INOVIO Accelerates Towards PDUFA Target Date for INO-3107 Amidst Strong Commercial Preparations
In a move that underscores its commitment to advancing novel DNA medicines, INOVIO, a biotechnology company dedicated to developing innovative solutions for life-threatening diseases, announced on its fourth quarter and full year 2025 financial results conference call that it remains focused on securing approval for INO-3107, its lead candidate for adults with recurrent respiratory papillomatosis (RRP).
With the FDA having accepted its BLA for review under the Accelerated Approval Program in December last year, INOVIO now finds itself racing towards the October 30th PDUFA target date. While the company awaits a meeting with the FDA to discuss eligibility for this accelerated program, it continues to advance commercial preparations and optimize resources towards achieving U.S. approval.
"These are very exciting times for INOVIO," said Dr. Jackie Shea, President and CEO of the company, on the conference call. "We strongly believe that INO-3107 does fulfill the criteria for review under the Accelerated Approval Program by meeting an unmet medical need and providing a meaningful therapeutic benefit over existing treatments." The FDA has agreed to meet with INOVIO to discuss this issue, and the company is awaiting a meeting date.
In preparation for the PDUFA target date, INOVIO has taken steps to further conserve its financial resources. This includes rescoping projects and activities that do not directly support the advancement of INO-3107 towards U.S. approval and eliminating roles that don't contribute to this primary goal. As a result, the company's estimated cash runway has been extended into the fourth quarter of this year.

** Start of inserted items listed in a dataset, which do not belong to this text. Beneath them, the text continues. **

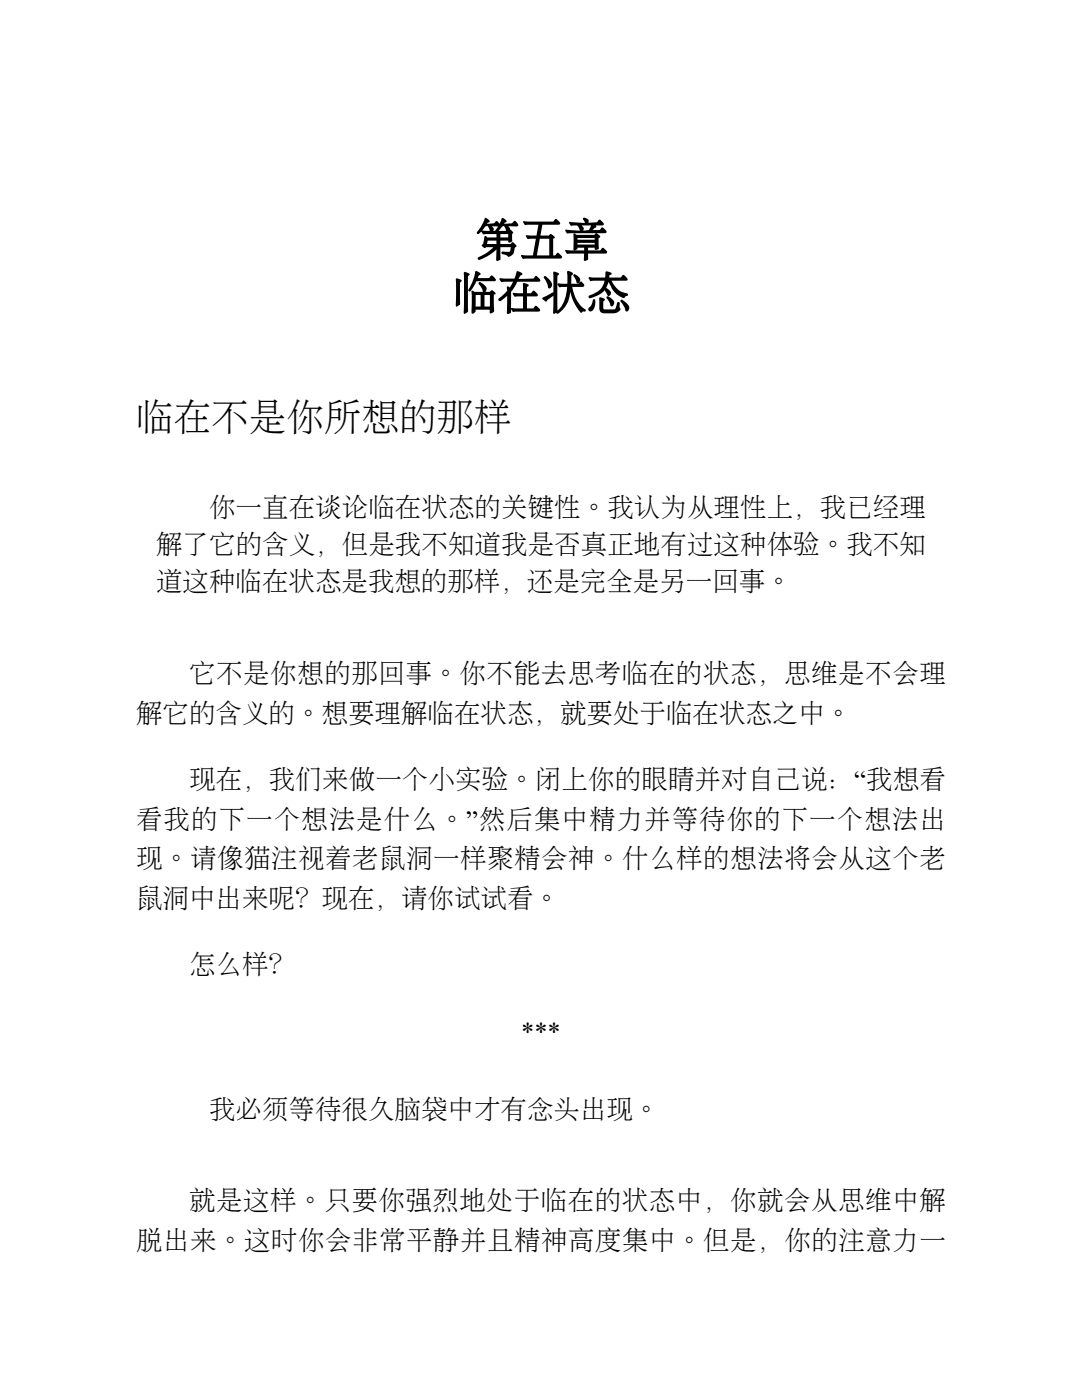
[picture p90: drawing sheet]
<svg xmlns="http://www.w3.org/2000/svg" width="216mm" height="279mm" viewBox="0 0 216 279" stroke-linecap="round" stroke-linejoin="round" font-family="sans-serif">
<defs><g id="words">
<text font-size="7.5" x="27.2" y="86">临在不是你所想的那样</text>
<g font-size="5.3">
<text x="41.7" y="103.2">你一直在谈论临在状态的关键性。我认为从理性上，我已经理</text>
<text x="31.1" y="110.6">解了它的含义，但是我不知道我是否真正地有过这种体验。我不知</text>
<text x="31.1" y="118">道这种临在状态是我想的那样，还是完全是另一回事。</text>
<text x="37.7" y="136.3">它不是你想的那回事。你不能去思考临在的状态，思维是不会理</text>
<text x="27.2" y="144.2">解它的含义的。想要理解临在状态，就要处于临在状态之中。</text>
<text x="37.7" y="157.4">现在，我们来做一个小实验。闭上你的眼睛并对自己说：“我想看</text>
<text x="27.2" y="165.4">看我的下一个想法是什么。”然后集中精力并等待你的下一个想法出</text>
<text x="27.2" y="173.3">现。请像猫注视着老鼠洞一样聚精会神。什么样的想法将会从这个老</text>
<text x="27.2" y="181.2">鼠洞中出来呢？现在，请你试试看。</text>
<text x="37.7" y="194.5">怎么样？</text>
<text x="104" y="207.7">***</text>
<text x="41.7" y="223.3">我必须等待很久脑袋中才有念头出现。</text>
<text x="37.7" y="241.6">就是这样。只要你强烈地处于临在的状态中，你就会从思维中解</text>
<text x="27.2" y="249.5">脱出来。这时你会非常平静并且精神高度集中。但是，你的注意力一</text>
</g>
</g></defs>
<g fill="#000">
<path d="M91 55.6h.3l.8 .4-.3 .3v.4v4l-.7 .5-.2-.4zM92.6 54.4l.3-.1 .8 .4-.3 .4v.3v6.6l-.1 .3-.6 .3-.2-.3zM94.8 54.2a.85 .85 0 0 1 1.1 .6l-.3 .1-.3 .6h2.3l.6-.5 .8 .9-.3 .2h-3.6l-.6 1.2a1.25 1.25 0 0 1-.8 .9l-.3-.2 .1-.3a9.5 9.5 0 0 0 1.3-3.5zM95.5 56.4l.1-.1a1.68 1.68 0 0 1 1.5 1.6l-.4 .4h-.2l-.4-.9-.6-.7zM94.1 58.1l.1-.1 .5 .2h3l.2-.2a.78 .78 0 0 1 1 .7l-.4 .1 .1 2.4a.9 .9 0 0 1-.4 1.3l-.4 .1-.1-.2v-.6h-2.8a.65 .65 0 0 1-.7 .8zM94.9 58.9v2.3h1v-2.3zM96.7 58.9v2.3h1l.1-2.3zM99.7 55.5l3 .1 .5-1.5 .9 .3 .1 .3-.8 1 3-.1 .3-.4 .3-.1 .8 .7-.1 .4h-.2h-4.3l-1.2 2v3.3a.82 .82 0 0 1-.4 1.1l-.3 .1-.1-.2v-3.5l-.5 .4a1.29 1.29 0 0 1-1.1 .7l-.2-.3 .2-.3a4.2 4.2 0 0 0 1.6-1.6l-.1-.6 .3-.1 .3 .2 .7-1.2h-1.7a.62 .62 0 0 1-.8 0 .62 .62 0 0 1-.2-.7zM102.4 58.4l2 .1v-1.9l.2-.1 .9 .4-.4 .4v1.2l.9 .1 .3-.5 .2-.1 .8 .8-.1 .3-.2 .1h-1.9v2.4h1.3l.3-.5 .3-.1 .8 .8-.1 .3-4.7 .1a.62 .62 0 0 1-.8 0 .62 .62 0 0 1-.2-.7l2.4 .1v-2.4h-1.1a.62 .62 0 0 1-.7 0 .62 .62 0 0 1-.2-.8zM113.2 54.1l.8 .2a.39 .39 0 0 1 .3 .4 .39 .39 0 0 1-.3 .3v1.6l1.4 .1 .4-.5a.91 .91 0 0 1 .7 .9l-.3 .2h-2a6.9 6.9 0 0 0 2.7 4.6l-.1 .3h-.5l-.3 .2a7.3 7.3 0 0 1-2.2-5.3l.1 .5-.2-.3h.2a6 6 0 0 1-2.6 5.3l-.3-.1v-.3a6.1 6.1 0 0 0 2.2-4.9h-1.1a.56 .56 0 0 1-.6-.1 .56 .56 0 0 1-.2-.6h1.9zM114.5 54.8a1.14 1.14 0 0 1 1.1 1.5l-.2 .2h-.3l-.3-.8a.84 .84 0 0 1-.3-.9zM108.6 55.2l.1-.1a2.41 2.41 0 0 1 1.5 1.9l-.4 .5h-.4l-.2-1-.7-1zM110.4 54.3l.3-.1 .8 .4-.2 .4-.1 .3v6.7l-.1 .3-.6 .3-.1-.3v-3.3l-1.4 1.2-.3-.1-.5-.5 2.2-1.3zM117.5 55.3l3.3 .1v-1.1a.95 .95 0 0 1 1.2 .4l-.4 .2v.5h2.2l.6-.5 .8 .9-.3 .2h-2.9a4.1 4.1 0 0 0 3.3 2.6v.4l-.4 .1-.3 .4-.6-.2a4.9 4.9 0 0 1-2.5-3l-.2-.3h.2l-.1 .4-.5 1.1a1.33 1.33 0 0 1 1 1.1l-.3 .4-.3 .1-.7-1.2a4.7 4.7 0 0 1-3.1 1.6 .32 .32 0 0 1 .2-.6 3.7 3.7 0 0 0 2.9-2.9l-2.6 .1a.69 .69 0 0 1-.5-.8zM118.3 59.8l.4-.1a1.87 1.87 0 0 1-.9 2.5 .47 .47 0 0 1-.4-.7l.2-.2a2.17 2.17 0 0 0 .7-1.5zM119.6 59.4l.3-.1 .8 .4-.3 .5v1.3l.1 .2h2.1l.7-1.4a.28 .28 0 0 1 .4 .3l-.1 .7 .2 .4a1.44 1.44 0 0 1-1.5 .8h-1.7a.91 .91 0 0 1-1-.9zM121.1 59.2l.1-.1a1.5 1.5 0 0 1 1.3 1.6l-.3 .4h-.3l-.4-.9-.4-.7zM123.9 59.9l.1-.1a2.35 2.35 0 0 1 1.6 1.7l-.3 .6h-.4l-.4-.9-.7-1z"/>
<path d="M96.8 43.5a.76 .76 0 0 1 .8 .9h-.2l-.3 .3h-.1l1.6-.1 .4-.5a.79 .79 0 0 1 .6 1h-1.5a.59 .59 0 0 1 .4 .7 .59 .59 0 0 1-.6 .5l-.6-1.1 .1-.2a1.59 1.59 0 0 0-1.2 1l-.6 .6h-.4l-.1-.2 .9-1.2zM100.1 43.5a.75 .75 0 0 1 .9 .9l-.6 .3 1.7-.1 .5-.5 .6 .4a.42 .42 0 0 1 .1 .6h-2a.53 .53 0 0 1 .4 .7 .53 .53 0 0 1-.7 .3l-.4-.9 .1-.2-.5 .2-1 1.1-.4-.2 .9-1.4zM96.1 46l5.3 .1a.56 .56 0 0 1 .6-.2 .56 .56 0 0 1 .4 .5l-.2 .2v1.1a.5 .5 0 0 1-.2 .6 .5 .5 0 0 1-.6 0v-.3h-1.6v.7h2.1l.4-.4 .8 .8-.2 .2h-.3l.1 .2a1.51 1.51 0 0 1-1.3 1.7l-.5-.3-.8-.4 .1-.3 .9 .1a.5 .5 0 0 0 .6 0 .5 .5 0 0 0 .2-.6v-.4h-2.1l.1 1.7a.72 .72 0 0 1-.6 1.1h-.2l-.1-.3 .1-2a7.7 7.7 0 0 1-3.7 2l-.1-.2 .2-.3a8.3 8.3 0 0 0 2.9-2h-1.4a.46 .46 0 0 1-.6 .1 .46 .46 0 0 1-.1-.6l.5-1.7 .4 .3h1.9v-.7h-2a.61 .61 0 0 1-.8 0 .61 .61 0 0 1-.2-.7zM97.3 48l-.1 .7h1.9v-.7zM99.8 46.7v.7h1.6v-.7zM104.4 44.1l6 .2 .3-.5 .3-.1 .6 .6 .2 .3-.3 .3h-3.3l-.4 2.1h1.7l.4-.3 .8 .6-.3 .4v3.3h.4l.3-.4 .3-.2 .7 .8v.3l-7.1 .1a.62 .62 0 0 1-.8 0 .62 .62 0 0 1-.2-.7l2.3 .1 .6-3.4h-1a.61 .61 0 0 1-.7 0 .61 .61 0 0 1-.2-.7l2 .1 .4-2.1h-2a.62 .62 0 0 1-.7-.1 .62 .62 0 0 1-.3-.7zM107.7 47.6l-.6 3.4h2.5v-3.4zM113.6 44.3l3.3 .2h-.2l-.4-.8 .1-.2a.75 .75 0 0 1 .8 .2 .75 .75 0 0 1 .2 .8h-.1l1.8-.1 .3-.5 .3-.1 .7 .6 .1 .4-.3 .2h-5.6a.62 .62 0 0 1-.8 0 .62 .62 0 0 1-.2-.7zM112.9 45.8l2.9 .3-.1-.1-.4-.9v-.3a.94 .94 0 0 1 .9 .3 .94 .94 0 0 1 .1 1h-.1l1.3-.2 .5-1.1a.6 .6 0 0 1 .6 0 .6 .6 0 0 1 .4 .5l-.8 .6h1.5l.3-.4 .2-.1 .7 .6 .1 .3-.3 .2h-6.9a.62 .62 0 0 1-.7 0 .62 .62 0 0 1-.2-.7zM114.4 46.7l.3-.1 .3 .3h3.7l.1-.2 .2-.1 .7 .5v.3l-.3 .1 .1 2.2-.7 .2-.1-.5h-1.4v.6h2.5l.3-.4 .2-.2 .7 .7 .1 .3-.3 .2h-3.5l.1 1a.68 .68 0 0 1-.8 .5l-.1-.3v-1.2h-2.7a.62 .62 0 0 1-.7 0 .62 .62 0 0 1-.2-.7l3.7 .1v-.6h-1.4v.2a.41 .41 0 0 1-.4 .4 .41 .41 0 0 1-.4-.6zM115.2 48.5v.3h3.5v-.3zM115.2 47.5v.3h3.5v-.3z"/>
</g>
<use href="#words"/>
</svg>

While resources are primarily directed towards advancing its lead candidate, INOVIO is also leveraging partnerships to advance other promising candidates in its pipeline. A recent collaboration with the Dana-Farber Cancer Institute and Akeso to evaluate INO-5412 in combination with a novel PD-1/CTLA-4 bispecific antibody checkpoint inhibitor is one such example of this strategy.
The company's focus on securing approval for INO-3107 reflects its commitment to delivering innovative solutions for life-threatening diseases. As Dr. Shea emphasized, the upcoming meeting with the FDA will be crucial in determining whether INO-3107 meets the necessary criteria for accelerated approval.